Una storia degna di Collodi. E’ accaduta a Norwich in Gran Bretagna, ma non si tratta di Pinocchio. La protagonista è un’arzilla nonnina pensionata di 67 anni, Pauline Howe, che ha avuto la malaugurata idea di distribuire volantini a contenuto religioso contro l’omosessualità durante una parata gay, lo scorso 25 luglio. Immaginabile la reazione dei variopinti manifestanti che, sentitisi offesi, hanno aggredito verbalmente l’anziana pensionata.



La signora Howe, avendo ritenuto di aver subito un torto, si rivolge, da brava cittadina, alle autorità pubbliche per far valere i propri diritti e scrive al direttore generale del comune di Norwich, denunciando l’aggressione. Come Pinocchio, resta poi in fiduciosa attesa che la giustizia faccia il proprio corso.

Settimane dopo la denuncia, viene presa di soprassalto quando due police officers bussano alla sua porta. Gli agenti spiegano alla sconcertata signora Howe che la lettera da lei scritta rischiava di contenere espressioni omofobiche tali da integrare un “hate incident”, ovvero uno di quei casi che debbono essere attentamente indagati. Così, sottopongono la spaventatissima signora Howe ad un interrogatorio di 80 minuti, tanto da meritarsi un titolo ad effetto sul Daily Mail: «The English Inquisition».

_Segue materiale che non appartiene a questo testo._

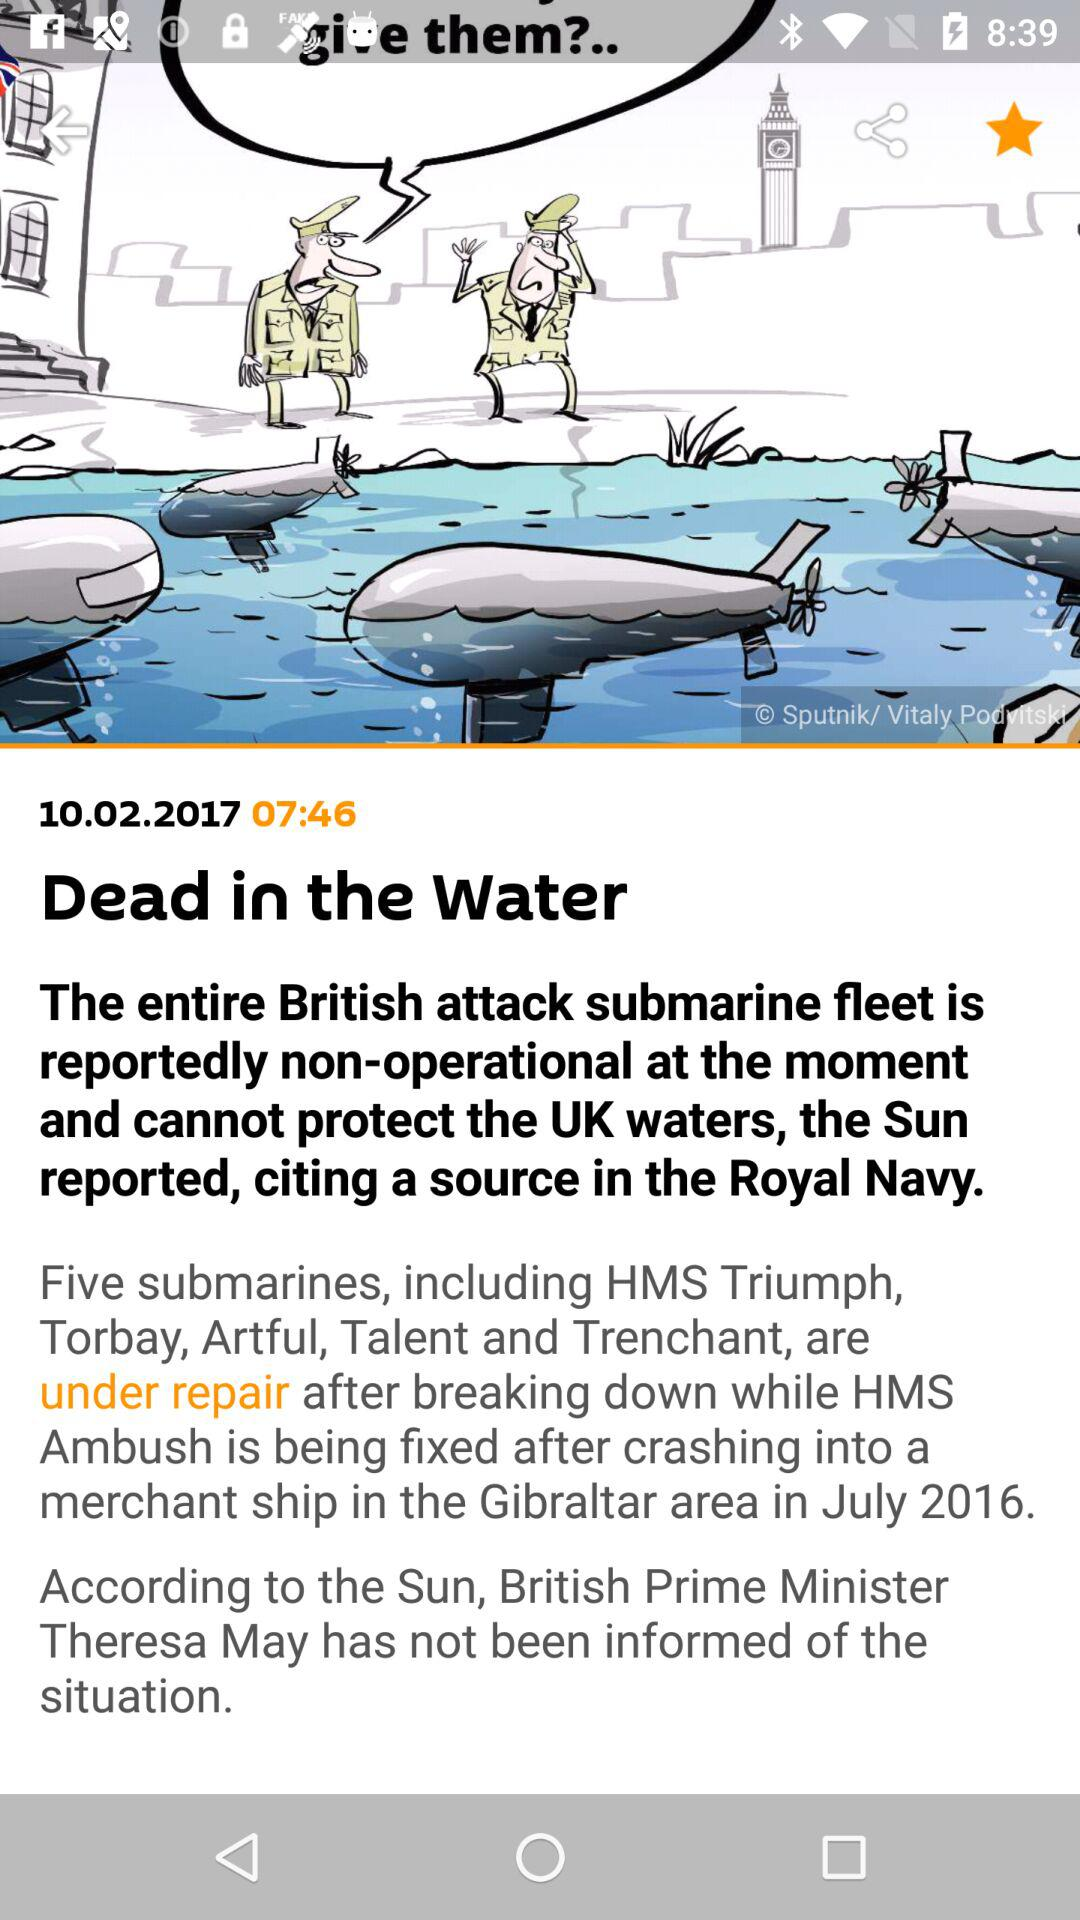What is the publication date of the article "Dead in the Water"? The publication date of the article "Dead in the Water" is October 2, 2017. 
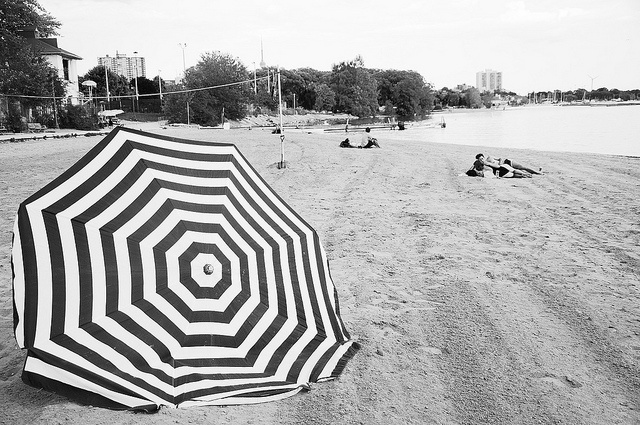Describe the objects in this image and their specific colors. I can see umbrella in black, white, gray, and darkgray tones, people in black, lightgray, darkgray, and gray tones, people in black, lightgray, darkgray, and gray tones, people in black, lightgray, darkgray, and gray tones, and people in black, gray, darkgray, and lightgray tones in this image. 
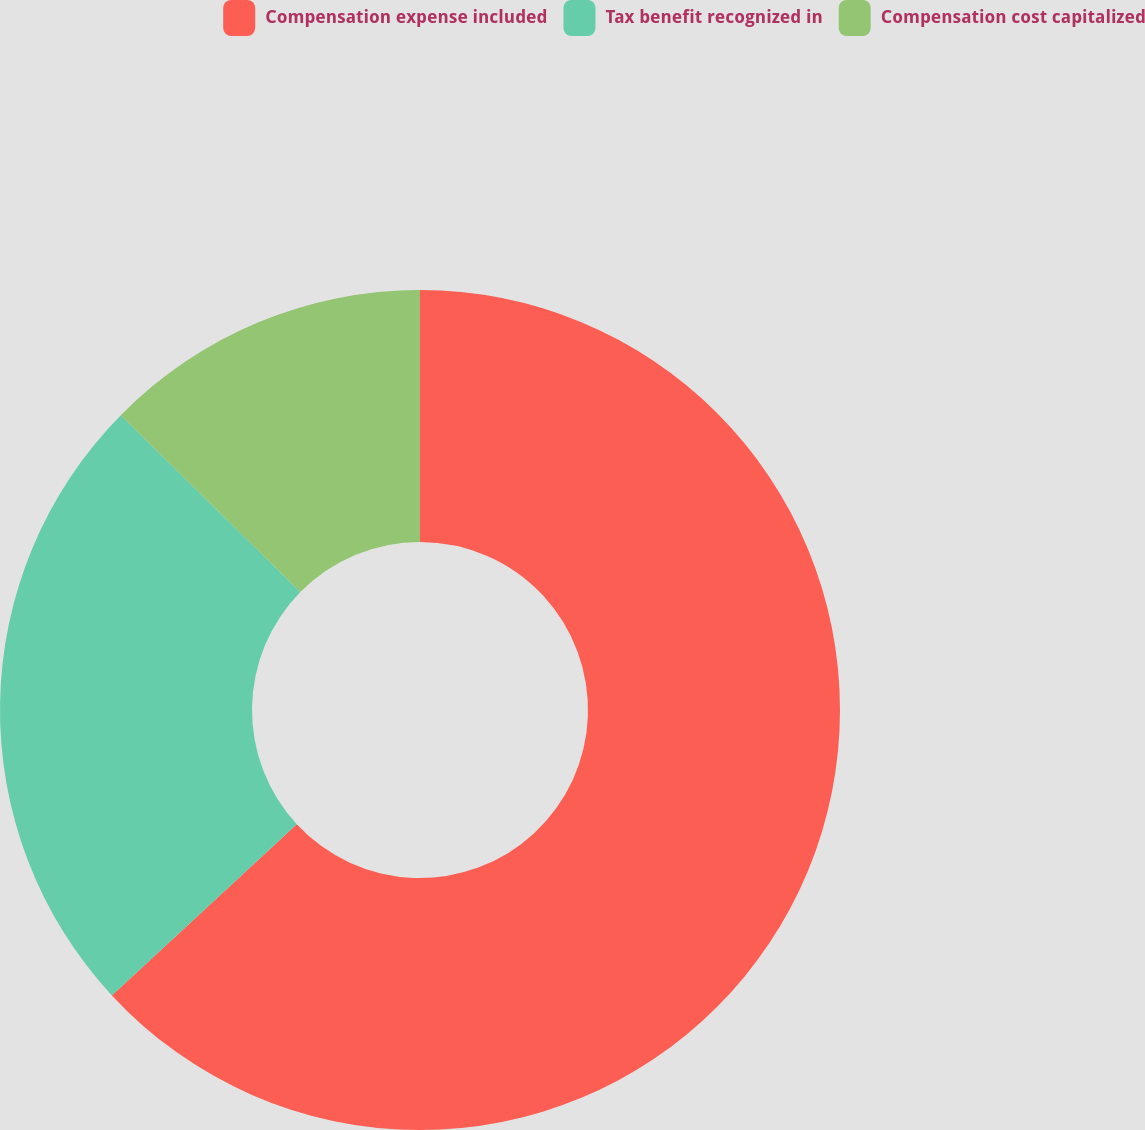<chart> <loc_0><loc_0><loc_500><loc_500><pie_chart><fcel>Compensation expense included<fcel>Tax benefit recognized in<fcel>Compensation cost capitalized<nl><fcel>63.11%<fcel>24.27%<fcel>12.62%<nl></chart>

Nella lettera contestata, l’ingenua pensionata, dopo aver accennato al fatto che i manifestanti avessero assunto «un atteggiamento verbale aggressivo e violento», ha voluto incautamente proseguire affermando: «Io ed altri cristiani non intendiamo intrometterci nella privacy delle persone né pretendiamo di impedire comportamenti offensivi nelle abitazioni private. E’ l’esternazione pubblica di una simile indecenza per le strade di Norwich che noi riteniamo offensiva nei confronti di Dio e di molti residenti di Norwich».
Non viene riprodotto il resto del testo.